Quote the records exactly, starting at the first line and stopping after the line with "HFOV = 60.0 degrees. Could"; skip the pictures.
***** MATERIAL FOR THIS EXERCISE *****
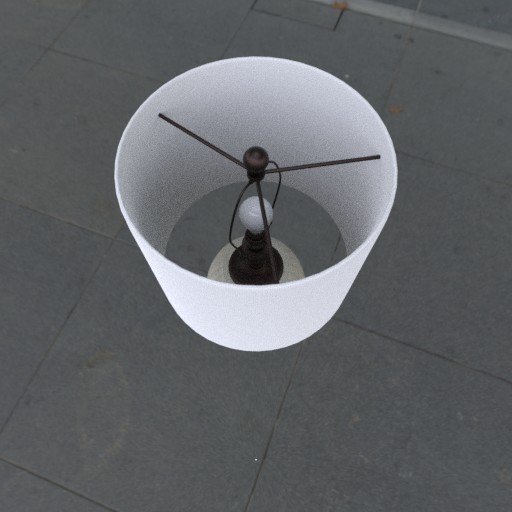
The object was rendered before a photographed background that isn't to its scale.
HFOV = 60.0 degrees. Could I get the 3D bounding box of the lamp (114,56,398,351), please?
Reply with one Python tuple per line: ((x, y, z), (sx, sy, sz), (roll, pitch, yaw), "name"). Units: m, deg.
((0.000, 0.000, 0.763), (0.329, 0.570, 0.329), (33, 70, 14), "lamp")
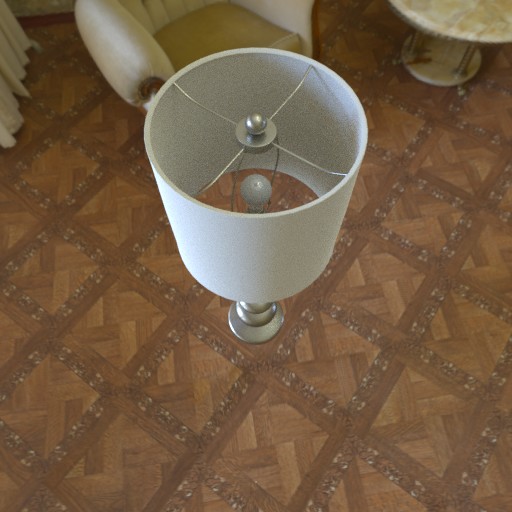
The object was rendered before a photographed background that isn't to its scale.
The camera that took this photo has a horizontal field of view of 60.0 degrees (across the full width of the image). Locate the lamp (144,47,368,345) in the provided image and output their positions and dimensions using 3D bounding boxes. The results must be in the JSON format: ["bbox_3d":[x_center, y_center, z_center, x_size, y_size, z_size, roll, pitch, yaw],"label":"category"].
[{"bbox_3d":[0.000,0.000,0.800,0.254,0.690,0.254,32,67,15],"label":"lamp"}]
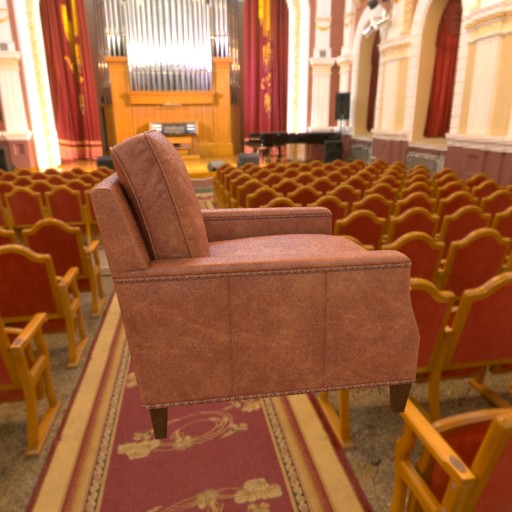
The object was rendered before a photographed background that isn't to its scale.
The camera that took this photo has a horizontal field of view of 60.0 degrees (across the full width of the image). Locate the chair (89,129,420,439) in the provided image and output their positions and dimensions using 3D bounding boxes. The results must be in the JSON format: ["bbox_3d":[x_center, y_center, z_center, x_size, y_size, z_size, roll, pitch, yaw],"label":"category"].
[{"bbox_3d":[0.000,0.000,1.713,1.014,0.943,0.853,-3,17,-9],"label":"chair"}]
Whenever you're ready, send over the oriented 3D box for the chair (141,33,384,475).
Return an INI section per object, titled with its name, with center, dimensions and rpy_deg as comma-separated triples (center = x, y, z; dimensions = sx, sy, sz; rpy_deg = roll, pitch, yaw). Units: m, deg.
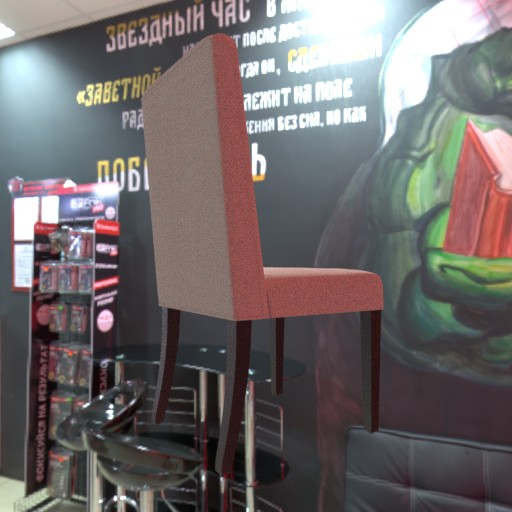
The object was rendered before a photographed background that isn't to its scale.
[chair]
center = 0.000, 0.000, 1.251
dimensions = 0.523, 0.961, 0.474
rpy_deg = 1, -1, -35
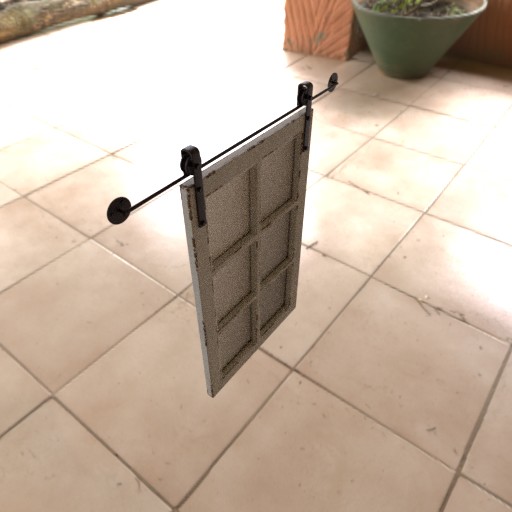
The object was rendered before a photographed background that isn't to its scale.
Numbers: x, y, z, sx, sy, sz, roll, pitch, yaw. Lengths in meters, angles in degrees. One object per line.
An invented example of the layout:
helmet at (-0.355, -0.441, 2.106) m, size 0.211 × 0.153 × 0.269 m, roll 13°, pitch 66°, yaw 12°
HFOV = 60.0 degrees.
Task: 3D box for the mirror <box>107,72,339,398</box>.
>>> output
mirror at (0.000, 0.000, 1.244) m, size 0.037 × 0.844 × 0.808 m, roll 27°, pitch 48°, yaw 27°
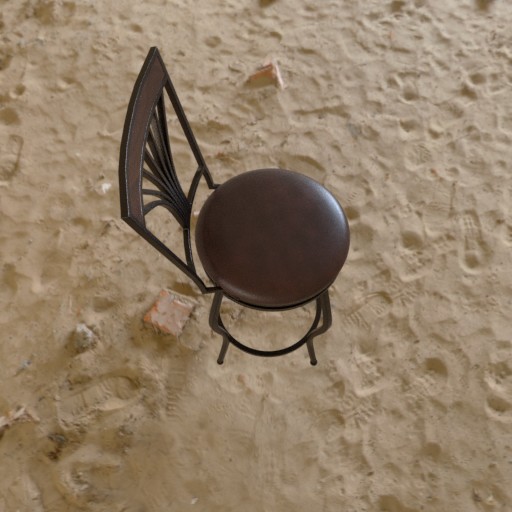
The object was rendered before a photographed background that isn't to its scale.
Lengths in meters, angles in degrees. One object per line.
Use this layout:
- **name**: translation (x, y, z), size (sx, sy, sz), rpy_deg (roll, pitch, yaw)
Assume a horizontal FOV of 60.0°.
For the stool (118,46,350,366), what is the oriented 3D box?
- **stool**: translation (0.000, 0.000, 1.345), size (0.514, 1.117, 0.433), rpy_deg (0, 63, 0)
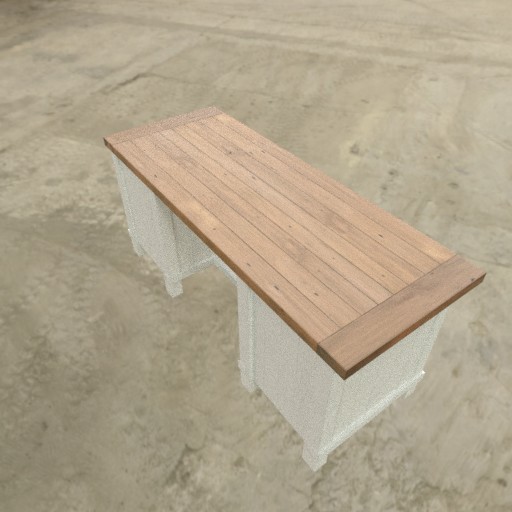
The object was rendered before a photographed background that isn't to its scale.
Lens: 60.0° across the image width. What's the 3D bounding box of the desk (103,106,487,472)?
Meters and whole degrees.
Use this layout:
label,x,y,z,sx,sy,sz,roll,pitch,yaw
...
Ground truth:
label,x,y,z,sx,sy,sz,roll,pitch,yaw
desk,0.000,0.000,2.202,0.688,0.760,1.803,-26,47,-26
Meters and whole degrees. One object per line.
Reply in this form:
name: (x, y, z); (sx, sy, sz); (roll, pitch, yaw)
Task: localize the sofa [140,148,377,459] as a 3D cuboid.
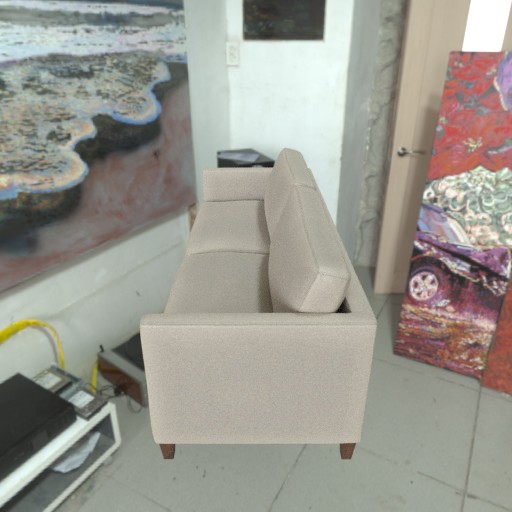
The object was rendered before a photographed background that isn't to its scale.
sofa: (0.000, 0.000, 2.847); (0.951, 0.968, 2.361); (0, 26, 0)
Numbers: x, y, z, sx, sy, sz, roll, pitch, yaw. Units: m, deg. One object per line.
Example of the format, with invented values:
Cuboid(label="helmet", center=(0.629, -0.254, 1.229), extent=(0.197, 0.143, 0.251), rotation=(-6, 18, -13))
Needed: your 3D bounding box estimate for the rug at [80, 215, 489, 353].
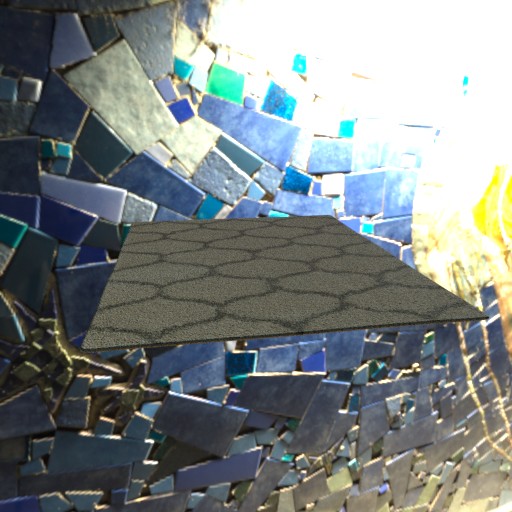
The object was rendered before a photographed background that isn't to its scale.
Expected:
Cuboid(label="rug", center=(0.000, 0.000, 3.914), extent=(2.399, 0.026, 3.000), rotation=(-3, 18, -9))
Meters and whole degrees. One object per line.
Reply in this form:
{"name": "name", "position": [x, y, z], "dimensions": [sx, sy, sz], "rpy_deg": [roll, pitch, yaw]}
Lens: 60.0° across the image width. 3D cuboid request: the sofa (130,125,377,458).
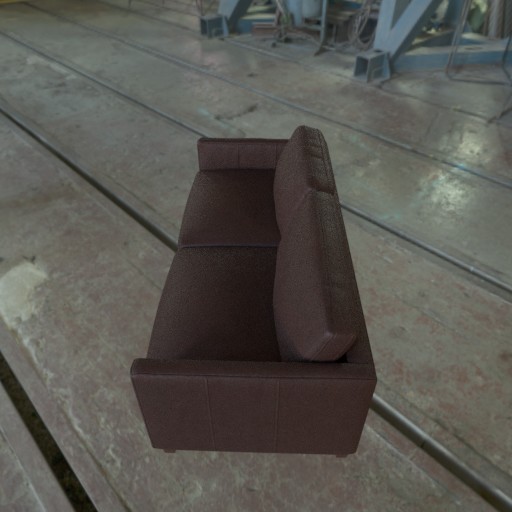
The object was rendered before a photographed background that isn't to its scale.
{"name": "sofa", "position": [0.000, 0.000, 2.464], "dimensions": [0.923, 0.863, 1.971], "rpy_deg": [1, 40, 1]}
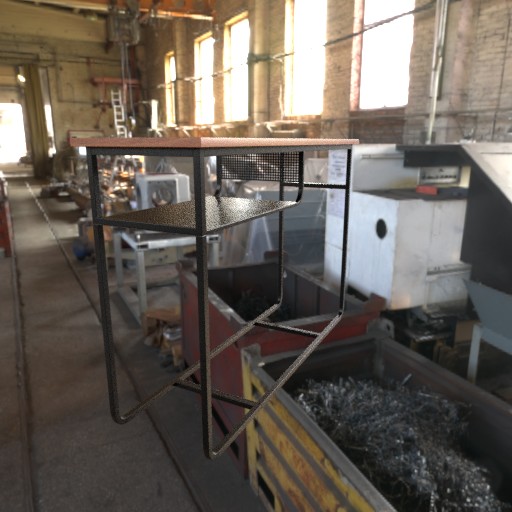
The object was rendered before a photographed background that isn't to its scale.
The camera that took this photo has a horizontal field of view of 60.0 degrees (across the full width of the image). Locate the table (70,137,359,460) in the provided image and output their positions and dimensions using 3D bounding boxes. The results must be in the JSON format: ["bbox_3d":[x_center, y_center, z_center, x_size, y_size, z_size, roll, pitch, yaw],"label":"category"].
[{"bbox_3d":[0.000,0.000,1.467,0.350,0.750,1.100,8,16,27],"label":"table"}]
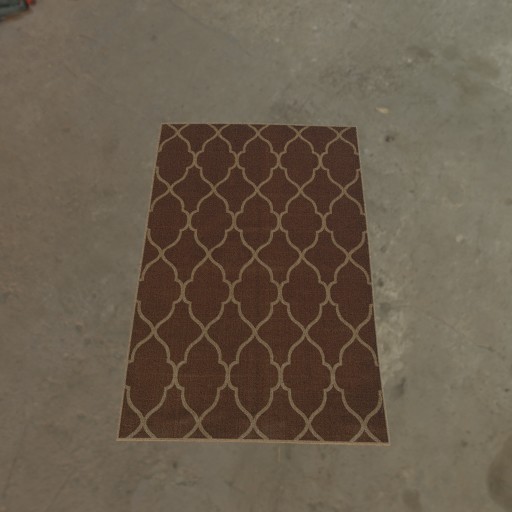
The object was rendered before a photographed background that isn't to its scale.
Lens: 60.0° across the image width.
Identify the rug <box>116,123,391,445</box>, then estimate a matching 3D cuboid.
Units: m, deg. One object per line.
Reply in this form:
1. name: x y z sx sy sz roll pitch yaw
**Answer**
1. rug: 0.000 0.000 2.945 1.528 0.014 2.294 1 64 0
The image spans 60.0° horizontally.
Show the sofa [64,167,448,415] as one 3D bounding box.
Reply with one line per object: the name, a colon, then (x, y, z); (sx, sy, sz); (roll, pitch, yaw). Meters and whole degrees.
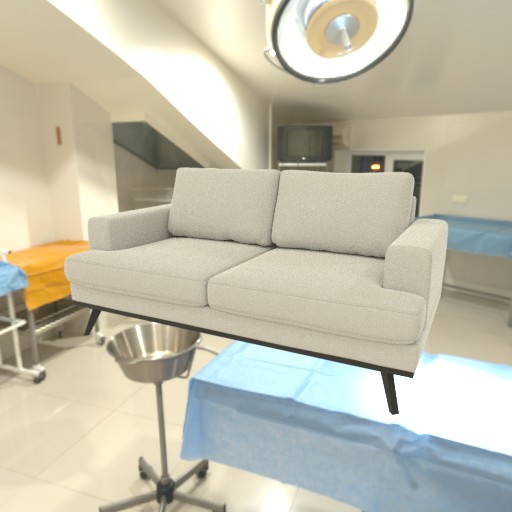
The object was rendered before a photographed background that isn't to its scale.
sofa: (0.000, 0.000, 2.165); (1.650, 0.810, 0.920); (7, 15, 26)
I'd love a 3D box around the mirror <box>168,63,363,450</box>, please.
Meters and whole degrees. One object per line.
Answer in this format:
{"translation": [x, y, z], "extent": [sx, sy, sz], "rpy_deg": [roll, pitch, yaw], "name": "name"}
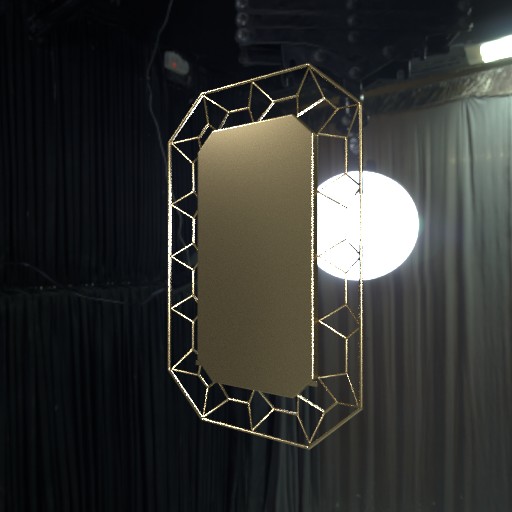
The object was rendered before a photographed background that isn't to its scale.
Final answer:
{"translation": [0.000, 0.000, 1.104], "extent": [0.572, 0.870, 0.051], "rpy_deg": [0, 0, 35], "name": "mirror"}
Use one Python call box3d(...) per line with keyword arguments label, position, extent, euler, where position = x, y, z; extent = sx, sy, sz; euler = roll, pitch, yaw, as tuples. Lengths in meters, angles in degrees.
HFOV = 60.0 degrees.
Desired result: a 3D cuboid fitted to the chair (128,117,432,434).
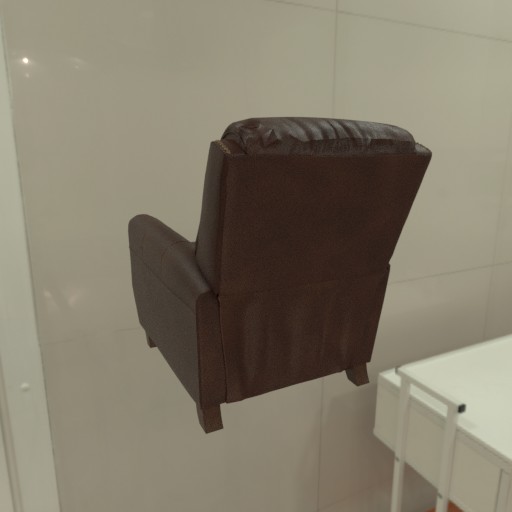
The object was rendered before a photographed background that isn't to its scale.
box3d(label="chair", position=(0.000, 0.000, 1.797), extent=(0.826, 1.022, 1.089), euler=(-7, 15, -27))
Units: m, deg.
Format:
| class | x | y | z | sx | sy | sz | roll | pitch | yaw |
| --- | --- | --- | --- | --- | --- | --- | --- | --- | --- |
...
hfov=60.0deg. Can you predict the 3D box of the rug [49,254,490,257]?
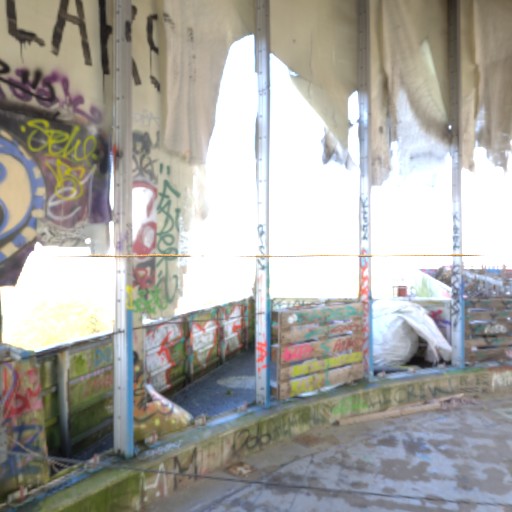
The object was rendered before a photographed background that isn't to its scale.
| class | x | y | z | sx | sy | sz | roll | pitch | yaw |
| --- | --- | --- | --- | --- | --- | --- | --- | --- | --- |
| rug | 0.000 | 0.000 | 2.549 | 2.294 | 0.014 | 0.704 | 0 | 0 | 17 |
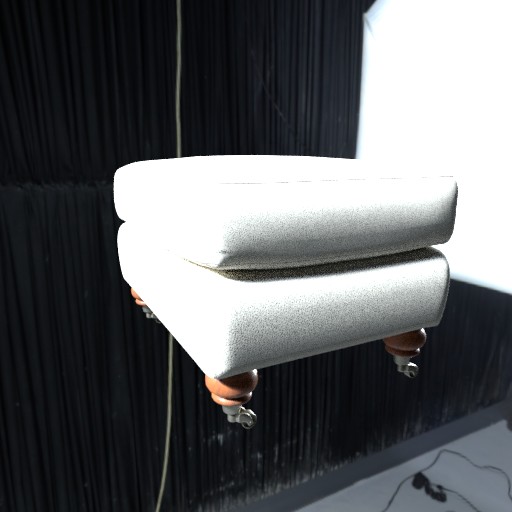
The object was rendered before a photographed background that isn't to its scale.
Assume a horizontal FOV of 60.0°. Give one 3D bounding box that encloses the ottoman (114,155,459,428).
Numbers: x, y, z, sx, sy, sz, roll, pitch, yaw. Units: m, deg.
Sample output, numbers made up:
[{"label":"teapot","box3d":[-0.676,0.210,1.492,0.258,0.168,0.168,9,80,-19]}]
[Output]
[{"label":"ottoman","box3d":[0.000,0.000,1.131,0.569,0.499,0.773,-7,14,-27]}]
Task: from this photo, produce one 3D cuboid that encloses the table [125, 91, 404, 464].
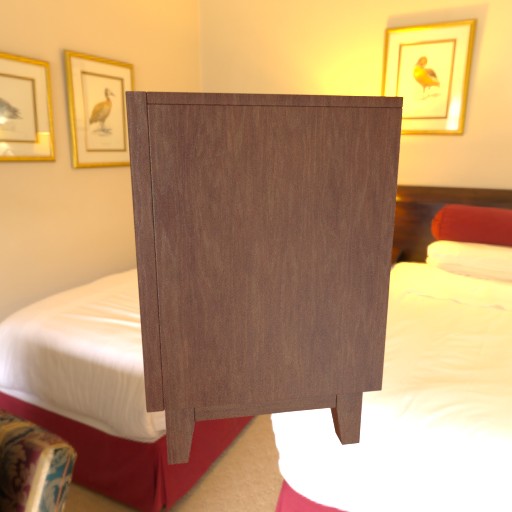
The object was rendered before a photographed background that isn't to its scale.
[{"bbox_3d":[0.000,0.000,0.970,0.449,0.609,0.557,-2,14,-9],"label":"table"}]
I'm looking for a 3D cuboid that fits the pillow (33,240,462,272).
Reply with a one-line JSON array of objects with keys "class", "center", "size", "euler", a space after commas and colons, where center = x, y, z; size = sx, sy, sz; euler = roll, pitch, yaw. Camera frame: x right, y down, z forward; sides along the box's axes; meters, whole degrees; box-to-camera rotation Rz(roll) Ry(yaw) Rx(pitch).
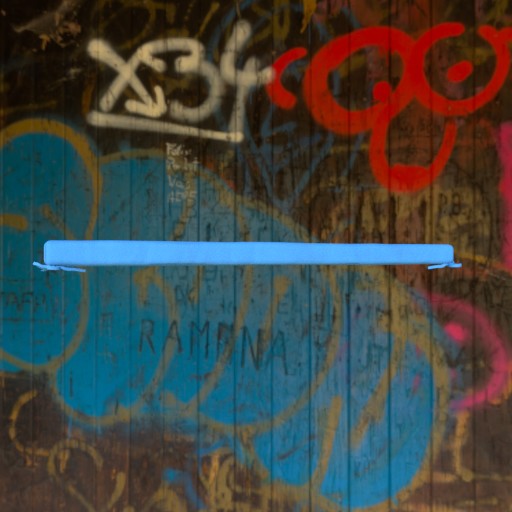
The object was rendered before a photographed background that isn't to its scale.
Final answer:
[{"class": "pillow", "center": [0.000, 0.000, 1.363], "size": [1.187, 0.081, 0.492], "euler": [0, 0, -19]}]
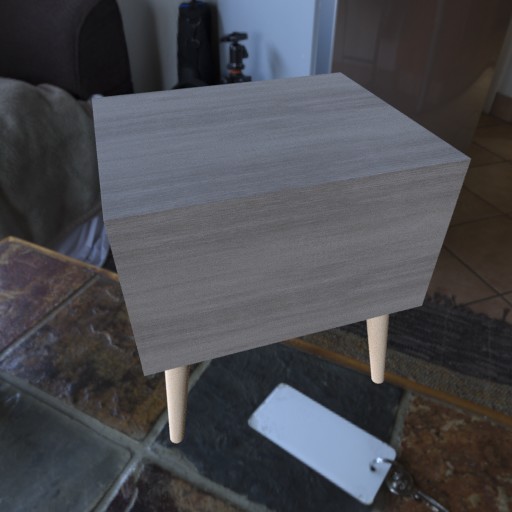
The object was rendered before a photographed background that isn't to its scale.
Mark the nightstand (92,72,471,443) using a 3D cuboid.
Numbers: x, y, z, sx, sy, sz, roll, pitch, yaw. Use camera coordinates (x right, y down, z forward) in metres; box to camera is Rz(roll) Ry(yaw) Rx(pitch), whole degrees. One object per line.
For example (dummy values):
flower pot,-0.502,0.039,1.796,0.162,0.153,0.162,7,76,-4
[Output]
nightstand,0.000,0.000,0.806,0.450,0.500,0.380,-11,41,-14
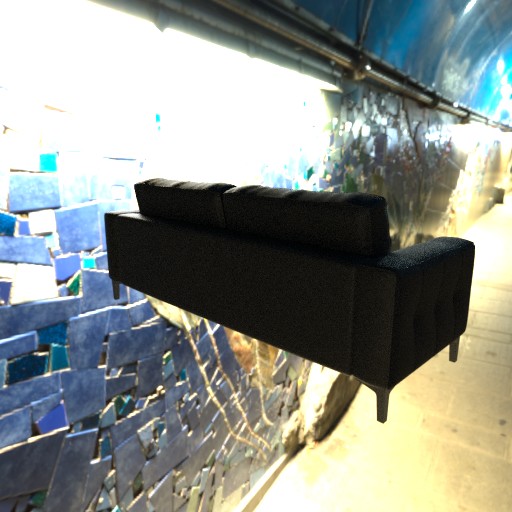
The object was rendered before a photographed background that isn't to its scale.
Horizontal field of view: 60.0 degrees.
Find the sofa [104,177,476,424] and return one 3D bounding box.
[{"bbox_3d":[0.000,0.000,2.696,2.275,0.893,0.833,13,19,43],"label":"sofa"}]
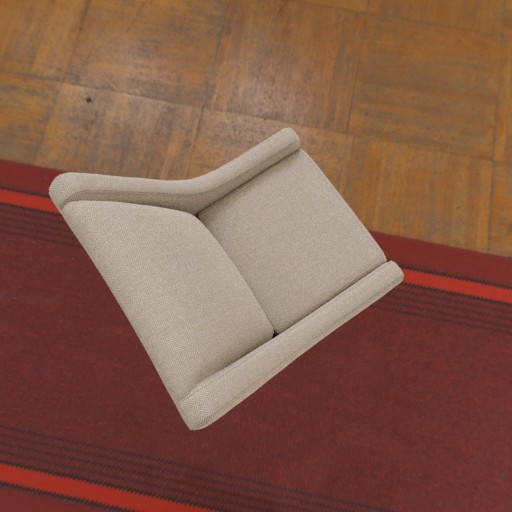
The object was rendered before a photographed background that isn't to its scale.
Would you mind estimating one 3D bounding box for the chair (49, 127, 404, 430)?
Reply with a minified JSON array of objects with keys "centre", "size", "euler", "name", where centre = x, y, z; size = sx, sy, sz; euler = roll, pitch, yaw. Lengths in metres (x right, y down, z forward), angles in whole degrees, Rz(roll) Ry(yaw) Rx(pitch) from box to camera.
*****
■ **SOLVED EXERCISE**
The object was rendered before a photographed background that isn't to its scale.
HFOV = 60.0 degrees. Could I get the 3D bounding box of the lamp (114,56,398,351), please?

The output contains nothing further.